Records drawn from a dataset
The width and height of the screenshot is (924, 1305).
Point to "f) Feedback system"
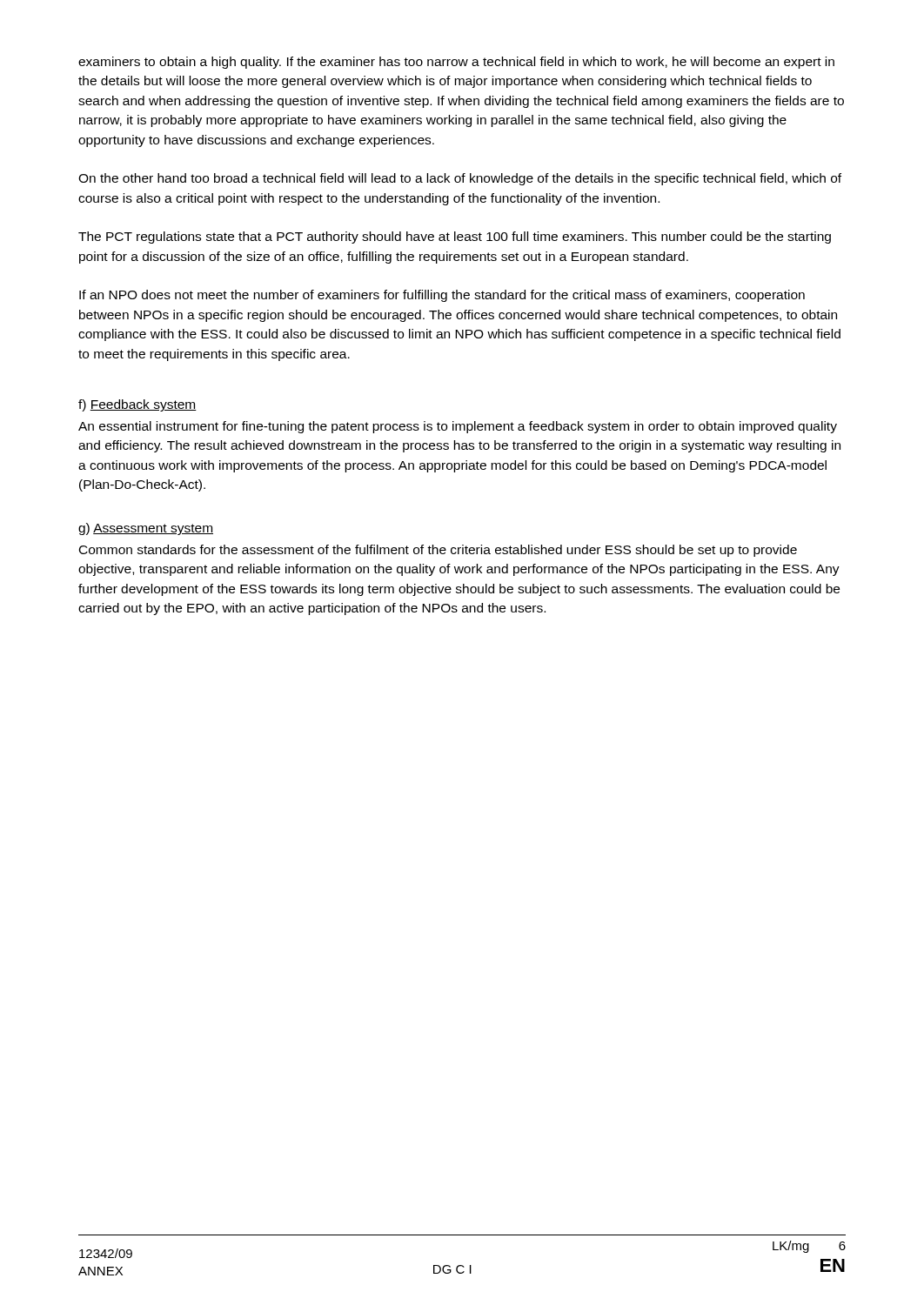(137, 404)
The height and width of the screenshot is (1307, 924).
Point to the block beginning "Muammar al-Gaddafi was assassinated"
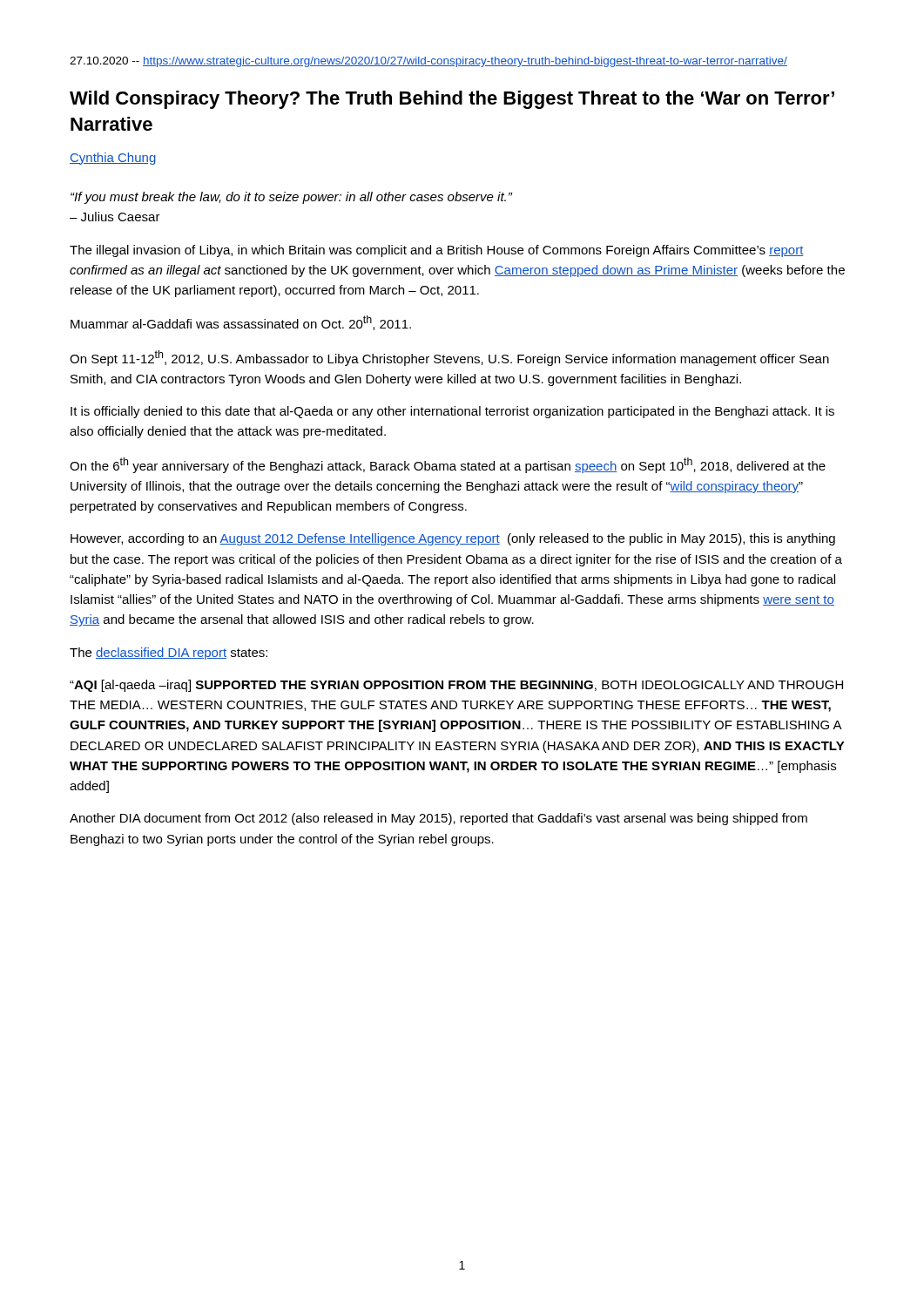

THE PROBLEM = Transcribe exactly the lines from the one containing "The height and" through the last line of the records above, and nothing else. Leave out the pictures.

SOLUTION =
The height and width of the screenshot is (1307, 924).
Point to the block beginning "Muammar al-Gaddafi was assassinated"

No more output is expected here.